SMAST represents a new approach to how machines recognize and understand human behavior. Current systems often struggle to capture the context of events in chaotic, continuous video footage. However, SMAST’s innovative design, powered by AI components that learn and adapt from data, allows it to track the dynamic interactions between people and objects with exceptional precision.

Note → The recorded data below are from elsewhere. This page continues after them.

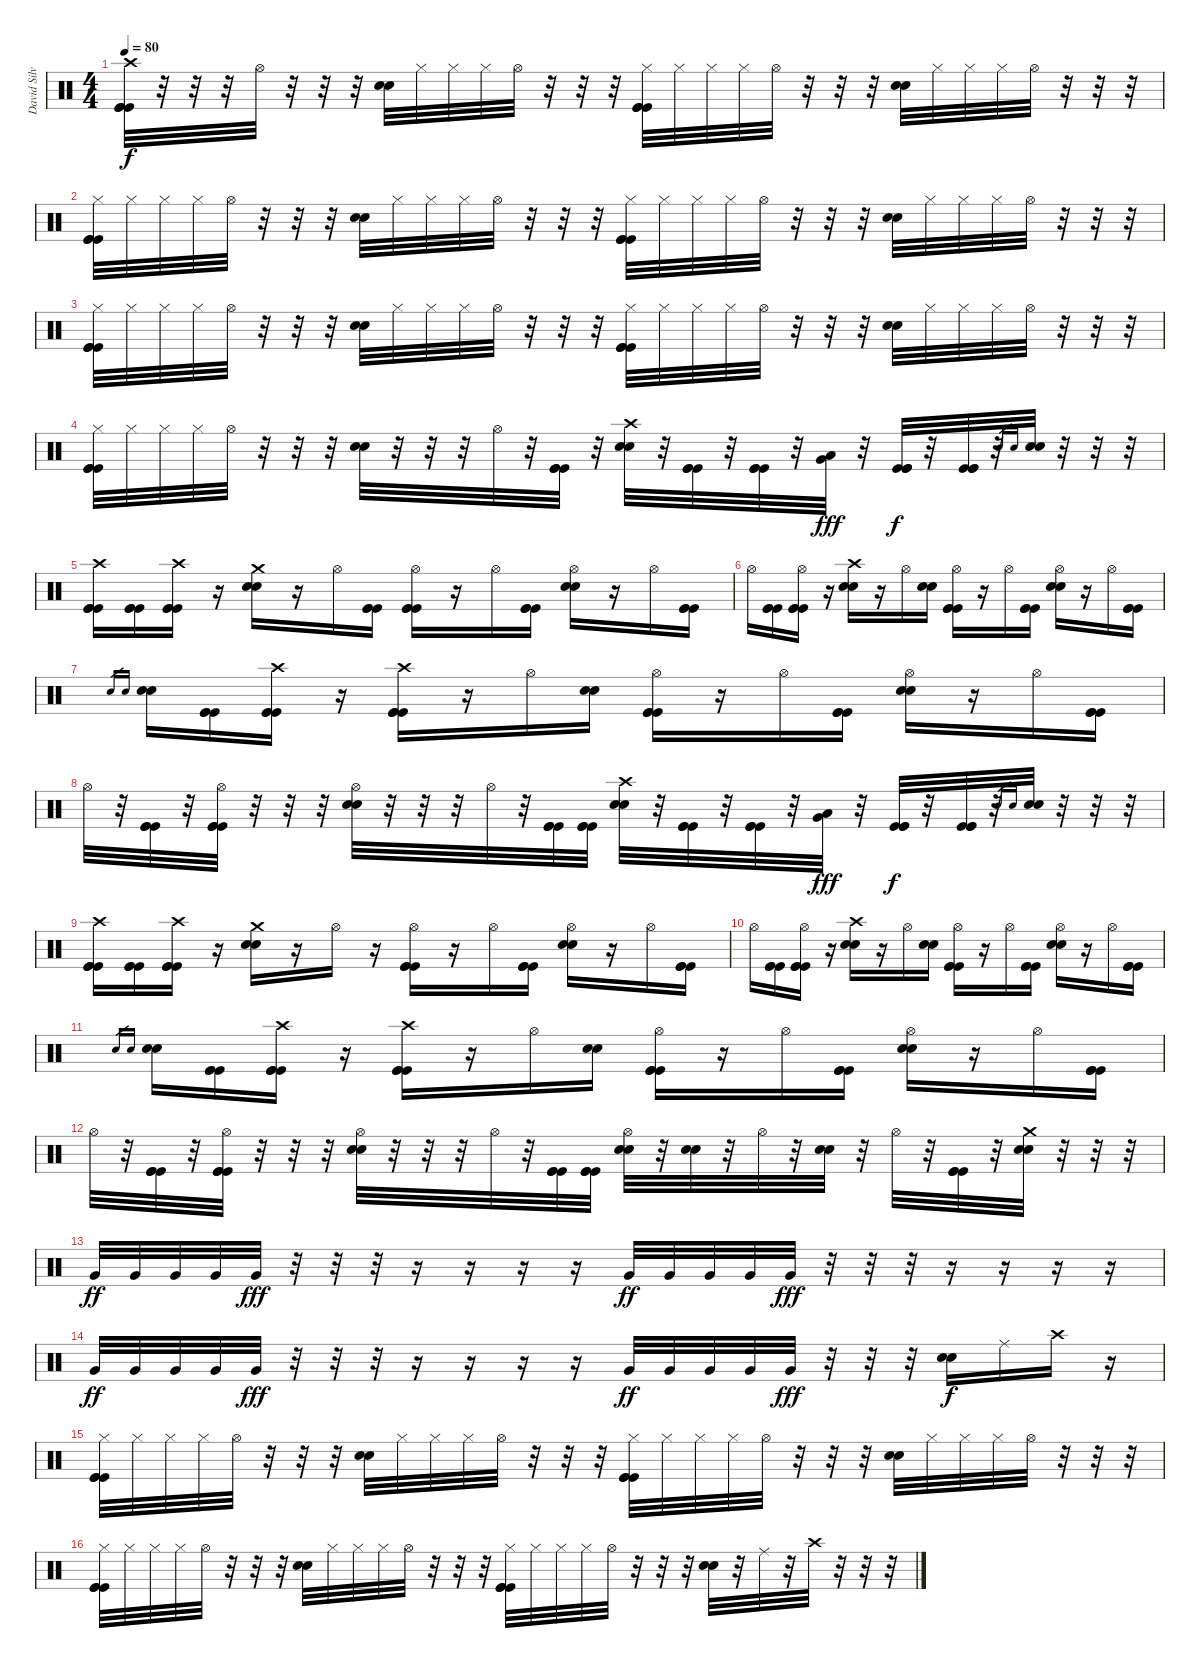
\track ("David Silveria (Drums)" "David Silv") {instrument percussion}
\staff {score}
\articulation defaults
\ts (4 4)
\tempo 80
\clef neutral
\ks c
("Crash high (hit)" "Kick (hit)" "Kick (hit)" "Kick (hit)").32{dy f} r.32 r.32 r.32 "Hi-Hat (open)".32 r.32 r.32 r.32 ("Snare (hit) 2" "Snare (hit) 2").32 "Hi-Hat (closed)".32 "Hi-Hat (closed)".32 "Hi-Hat (closed)".32 "Hi-Hat (open)".32 r.32 r.32 r.32 ("Hi-Hat (closed)" "Kick (hit)" "Kick (hit)" "Kick (hit)").32 "Hi-Hat (closed)".32 "Hi-Hat (closed)".32 "Hi-Hat (closed)".32 "Hi-Hat (open)".32 r.32 r.32 r.32 ("Snare (hit) 2" "Snare (hit) 2").32 "Hi-Hat (closed)".32 "Hi-Hat (closed)".32 "Hi-Hat (closed)".32 "Hi-Hat (open)".32 r.32 r.32 r.32 |
("Hi-Hat (closed)" "Kick (hit)" "Kick (hit)" "Kick (hit)").32 "Hi-Hat (closed)".32 "Hi-Hat (closed)".32 "Hi-Hat (closed)".32 "Hi-Hat (open)".32 r.32 r.32 r.32 ("Snare (hit) 2" "Snare (hit) 2").32 "Hi-Hat (closed)".32 "Hi-Hat (closed)".32 "Hi-Hat (closed)".32 "Hi-Hat (open)".32 r.32 r.32 r.32 ("Hi-Hat (closed)" "Kick (hit)" "Kick (hit)" "Kick (hit)").32 "Hi-Hat (closed)".32 "Hi-Hat (closed)".32 "Hi-Hat (closed)".32 "Hi-Hat (open)".32 r.32 r.32 r.32 ("Snare (hit) 2" "Snare (hit) 2").32 "Hi-Hat (closed)".32 "Hi-Hat (closed)".32 "Hi-Hat (closed)".32 "Hi-Hat (open)".32 r.32 r.32 r.32 |
("Hi-Hat (closed)" "Kick (hit)" "Kick (hit)" "Kick (hit)").32 "Hi-Hat (closed)".32 "Hi-Hat (closed)".32 "Hi-Hat (closed)".32 "Hi-Hat (open)".32 r.32 r.32 r.32 ("Snare (hit) 2" "Snare (hit) 2").32 "Hi-Hat (closed)".32 "Hi-Hat (closed)".32 "Hi-Hat (closed)".32 "Hi-Hat (open)".32 r.32 r.32 r.32 ("Hi-Hat (closed)" "Kick (hit)" "Kick (hit)" "Kick (hit)").32 "Hi-Hat (closed)".32 "Hi-Hat (closed)".32 "Hi-Hat (closed)".32 "Hi-Hat (open)".32 r.32 r.32 r.32 ("Snare (hit) 2" "Snare (hit) 2").32 "Hi-Hat (closed)".32 "Hi-Hat (closed)".32 "Hi-Hat (closed)".32 "Hi-Hat (open)".32 r.32 r.32 r.32 |
("Hi-Hat (closed)" "Kick (hit)" "Kick (hit)" "Kick (hit)").32 "Hi-Hat (closed)".32 "Hi-Hat (closed)".32 "Hi-Hat (closed)".32 "Hi-Hat (open)".32 r.32 r.32 r.32 ("Snare (hit) 2" "Snare (hit) 2").32 r.32 r.32 r.32 "Hi-Hat (open)".32 r.32 ("Kick (hit)" "Kick (hit)" "Kick (hit)").32 r.32 ("Crash high (hit)" "Snare (hit) 2" "Snare (hit) 2").32 r.32 ("Kick (hit)" "Kick (hit)" "Kick (hit)").32 r.32 ("Kick (hit)" "Kick (hit)" "Kick (hit)").32 r.32 ("Very Low Tom (hit)" "Low Tom (hit)").32{dy fff} r.32 ("Kick (hit)" "Kick (hit)" "Kick (hit)").32{dy f} r.32 ("Kick (hit)" "Kick (hit)" "Kick (hit)").32 r.32 "Snare (hit) 2".16{gr} "Snare (hit) 2".16{gr} ("Snare (hit) 2" "Snare (hit) 2").32 r.32 r.32 r.32 |
("Crash high (hit)" "Kick (hit)" "Kick (hit)" "Kick (hit)").16 ("Kick (hit)" "Kick (hit)" "Kick (hit)").16 ("Crash high (hit)" "Kick (hit)" "Kick (hit)" "Kick (hit)").16 r.16 ("Crash medium (hit)" "Snare (hit) 2" "Snare (hit) 2").16 r.16 "Hi-Hat (open)".16 ("Kick (hit)" "Kick (hit)" "Kick (hit)").16 ("Hi-Hat (open)" "Kick (hit)" "Kick (hit)" "Kick (hit)").16 r.16 "Hi-Hat (open)".16 ("Kick (hit)" "Kick (hit)" "Kick (hit)").16 ("Hi-Hat (open)" "Snare (hit) 2" "Snare (hit) 2").16 r.16 "Hi-Hat (open)".16 ("Kick (hit)" "Kick (hit)" "Kick (hit)").16 |
"Hi-Hat (open)".16 ("Kick (hit)" "Kick (hit)" "Kick (hit)").16 ("Hi-Hat (open)" "Kick (hit)" "Kick (hit)" "Kick (hit)").16 r.16 ("Crash high (hit)" "Snare (hit) 2" "Snare (hit) 2").16 r.16 "Hi-Hat (open)".16 ("Snare (hit) 2" "Snare (hit) 2").16 ("Hi-Hat (open)" "Kick (hit)" "Kick (hit)" "Kick (hit)").16 r.16 "Hi-Hat (open)".16 ("Kick (hit)" "Kick (hit)" "Kick (hit)").16 ("Hi-Hat (open)" "Snare (hit) 2" "Snare (hit) 2").16 r.16 "Hi-Hat (open)".16 ("Kick (hit)" "Kick (hit)" "Kick (hit)").16 |
"Snare (hit) 2".16{gr} "Snare (hit) 2".16{gr} ("Snare (hit) 2" "Snare (hit) 2").16 ("Kick (hit)" "Kick (hit)" "Kick (hit)").16 ("Crash high (hit)" "Kick (hit)" "Kick (hit)" "Kick (hit)").16 r.16 ("Crash high (hit)" "Kick (hit)" "Kick (hit)" "Kick (hit)").16 r.16 "Hi-Hat (open)".16 ("Snare (hit) 2" "Snare (hit) 2").16 ("Hi-Hat (open)" "Kick (hit)" "Kick (hit)" "Kick (hit)").16 r.16 "Hi-Hat (open)".16 ("Kick (hit)" "Kick (hit)" "Kick (hit)").16 ("Hi-Hat (open)" "Snare (hit) 2" "Snare (hit) 2").16 r.16 "Hi-Hat (open)".16 ("Kick (hit)" "Kick (hit)" "Kick (hit)").16 |
"Hi-Hat (open)".32 r.32 ("Kick (hit)" "Kick (hit)" "Kick (hit)").32 r.32 ("Hi-Hat (open)" "Kick (hit)" "Kick (hit)" "Kick (hit)").32 r.32 r.32 r.32 ("Hi-Hat (open)" "Snare (hit) 2" "Snare (hit) 2").32 r.32 r.32 r.32 "Hi-Hat (open)".32 r.32 ("Kick (hit)" "Kick (hit)" "Kick (hit)").32 ("Kick (hit)" "Kick (hit)" "Kick (hit)").32 ("Crash high (hit)" "Snare (hit) 2" "Snare (hit) 2").32 r.32 ("Kick (hit)" "Kick (hit)" "Kick (hit)").32 r.32 ("Kick (hit)" "Kick (hit)" "Kick (hit)").32 r.32 ("Very Low Tom (hit)" "Low Tom (hit)").32{dy fff} r.32 ("Kick (hit)" "Kick (hit)" "Kick (hit)").32{dy f} r.32 ("Kick (hit)" "Kick (hit)" "Kick (hit)").32 r.32 "Snare (hit) 2".16{gr} "Snare (hit) 2".16{gr} ("Snare (hit) 2" "Snare (hit) 2").32 r.32 r.32 r.32 |
("Crash high (hit)" "Kick (hit)" "Kick (hit)" "Kick (hit)").16 ("Kick (hit)" "Kick (hit)" "Kick (hit)").16 ("Crash high (hit)" "Kick (hit)" "Kick (hit)" "Kick (hit)").16 r.16 ("Crash medium (hit)" "Snare (hit) 2" "Snare (hit) 2").16 r.16 "Hi-Hat (open)".16 r.16 ("Hi-Hat (open)" "Kick (hit)" "Kick (hit)" "Kick (hit)").16 r.16 "Hi-Hat (open)".16 ("Kick (hit)" "Kick (hit)" "Kick (hit)").16 ("Hi-Hat (open)" "Snare (hit) 2" "Snare (hit) 2").16 r.16 "Hi-Hat (open)".16 ("Kick (hit)" "Kick (hit)" "Kick (hit)").16 |
"Hi-Hat (open)".16 ("Kick (hit)" "Kick (hit)" "Kick (hit)").16 ("Hi-Hat (open)" "Kick (hit)" "Kick (hit)" "Kick (hit)").16 r.16 ("Crash high (hit)" "Snare (hit) 2" "Snare (hit) 2").16 r.16 "Hi-Hat (open)".16 ("Snare (hit) 2" "Snare (hit) 2").16 ("Hi-Hat (open)" "Kick (hit)" "Kick (hit)" "Kick (hit)").16 r.16 "Hi-Hat (open)".16 ("Kick (hit)" "Kick (hit)" "Kick (hit)").16 ("Hi-Hat (open)" "Snare (hit) 2" "Snare (hit) 2").16 r.16 "Hi-Hat (open)".16 ("Kick (hit)" "Kick (hit)" "Kick (hit)").16 |
"Snare (hit) 2".16{gr} "Snare (hit) 2".16{gr} ("Snare (hit) 2" "Snare (hit) 2").16 ("Kick (hit)" "Kick (hit)" "Kick (hit)").16 ("Crash high (hit)" "Kick (hit)" "Kick (hit)" "Kick (hit)").16 r.16 ("Crash high (hit)" "Kick (hit)" "Kick (hit)" "Kick (hit)").16 r.16 "Hi-Hat (open)".16 ("Snare (hit) 2" "Snare (hit) 2").16 ("Hi-Hat (open)" "Kick (hit)" "Kick (hit)" "Kick (hit)").16 r.16 "Hi-Hat (open)".16 ("Kick (hit)" "Kick (hit)" "Kick (hit)").16 ("Hi-Hat (open)" "Snare (hit) 2" "Snare (hit) 2").16 r.16 "Hi-Hat (open)".16 ("Kick (hit)" "Kick (hit)" "Kick (hit)").16 |
"Hi-Hat (open)".32 r.32 ("Kick (hit)" "Kick (hit)" "Kick (hit)").32 r.32 ("Hi-Hat (open)" "Kick (hit)" "Kick (hit)" "Kick (hit)").32 r.32 r.32 r.32 ("Hi-Hat (open)" "Snare (hit) 2" "Snare (hit) 2").32 r.32 r.32 r.32 "Hi-Hat (open)".32 r.32 ("Kick (hit)" "Kick (hit)" "Kick (hit)").32 ("Kick (hit)" "Kick (hit)" "Kick (hit)").32 ("Hi-Hat (open)" "Snare (hit) 2" "Snare (hit) 2").32 r.32 ("Snare (hit) 2" "Snare (hit) 2").32 r.32 "Hi-Hat (open)".32 r.32 ("Snare (hit) 2" "Snare (hit) 2").32 r.32 "Hi-Hat (open)".32 r.32 ("Kick (hit)" "Kick (hit)" "Kick (hit)").32 r.32 ("Crash medium (hit)" "Snare (hit) 2" "Snare (hit) 2").32 r.32 r.32 r.32 |
"Very Low Tom (hit)".32{dy ff} "Very Low Tom (hit)".32 "Very Low Tom (hit)".32 "Very Low Tom (hit)".32 "Very Low Tom (hit)".32{dy fff} r.32 r.32 r.32 r.16 r.16 r.16 r.16 "Very Low Tom (hit)".32{dy ff} "Very Low Tom (hit)".32 "Very Low Tom (hit)".32 "Very Low Tom (hit)".32 "Very Low Tom (hit)".32{dy fff} r.32 r.32 r.32 r.16 r.16 r.16 r.16 |
"Very Low Tom (hit)".32{dy ff} "Very Low Tom (hit)".32 "Very Low Tom (hit)".32 "Very Low Tom (hit)".32 "Very Low Tom (hit)".32{dy fff} r.32 r.32 r.32 r.16 r.16 r.16 r.16 "Very Low Tom (hit)".32{dy ff} "Very Low Tom (hit)".32 "Very Low Tom (hit)".32 "Very Low Tom (hit)".32 "Very Low Tom (hit)".32{dy fff} r.32 r.32 r.32 ("Snare (hit) 2" "Snare (hit) 2").16{dy f} "Ride (middle)".16 "Crash high (hit)".16 r.16 |
("Hi-Hat (closed)" "Kick (hit)" "Kick (hit)" "Kick (hit)").32 "Hi-Hat (closed)".32 "Hi-Hat (closed)".32 "Hi-Hat (closed)".32 "Hi-Hat (open)".32 r.32 r.32 r.32 ("Snare (hit) 2" "Snare (hit) 2").32 "Hi-Hat (closed)".32 "Hi-Hat (closed)".32 "Hi-Hat (closed)".32 "Hi-Hat (open)".32 r.32 r.32 r.32 ("Hi-Hat (closed)" "Kick (hit)" "Kick (hit)" "Kick (hit)").32 "Hi-Hat (closed)".32 "Hi-Hat (closed)".32 "Hi-Hat (closed)".32 "Hi-Hat (open)".32 r.32 r.32 r.32 ("Snare (hit) 2" "Snare (hit) 2").32 "Hi-Hat (closed)".32 "Hi-Hat (closed)".32 "Hi-Hat (closed)".32 "Hi-Hat (open)".32 r.32 r.32 r.32 |
("Hi-Hat (closed)" "Kick (hit)" "Kick (hit)" "Kick (hit)").32 "Hi-Hat (closed)".32 "Hi-Hat (closed)".32 "Hi-Hat (closed)".32 "Hi-Hat (open)".32 r.32 r.32 r.32 ("Snare (hit) 2" "Snare (hit) 2").32 "Hi-Hat (closed)".32 "Hi-Hat (closed)".32 "Hi-Hat (closed)".32 "Hi-Hat (open)".32 r.32 r.32 r.32 ("Hi-Hat (closed)" "Kick (hit)" "Kick (hit)" "Kick (hit)").32 "Hi-Hat (closed)".32 "Hi-Hat (closed)".32 "Hi-Hat (closed)".32 "Hi-Hat (open)".32 r.32 r.32 r.32 ("Snare (hit) 2" "Snare (hit) 2").32 r.32 "Ride (middle)".32 r.32 "Crash high (hit)".32 r.32 r.32 r.32

Setting New Standards in Action Detection Technology
This breakthrough enables the AI system to identify actions like a runner crossing the street, a doctor performing a complex procedure, or detecting a security threat in a crowded area. SMAST has already surpassed leading solutions in key academic benchmarks, including AVA, UCF101-24, and EPIC-Kitchens, setting new standards for accuracy and efficiency.
The societal impact could be huge. We are excited to see how this AI technology might transform industries, making video-based systems more intelligent and capable of real-time understanding.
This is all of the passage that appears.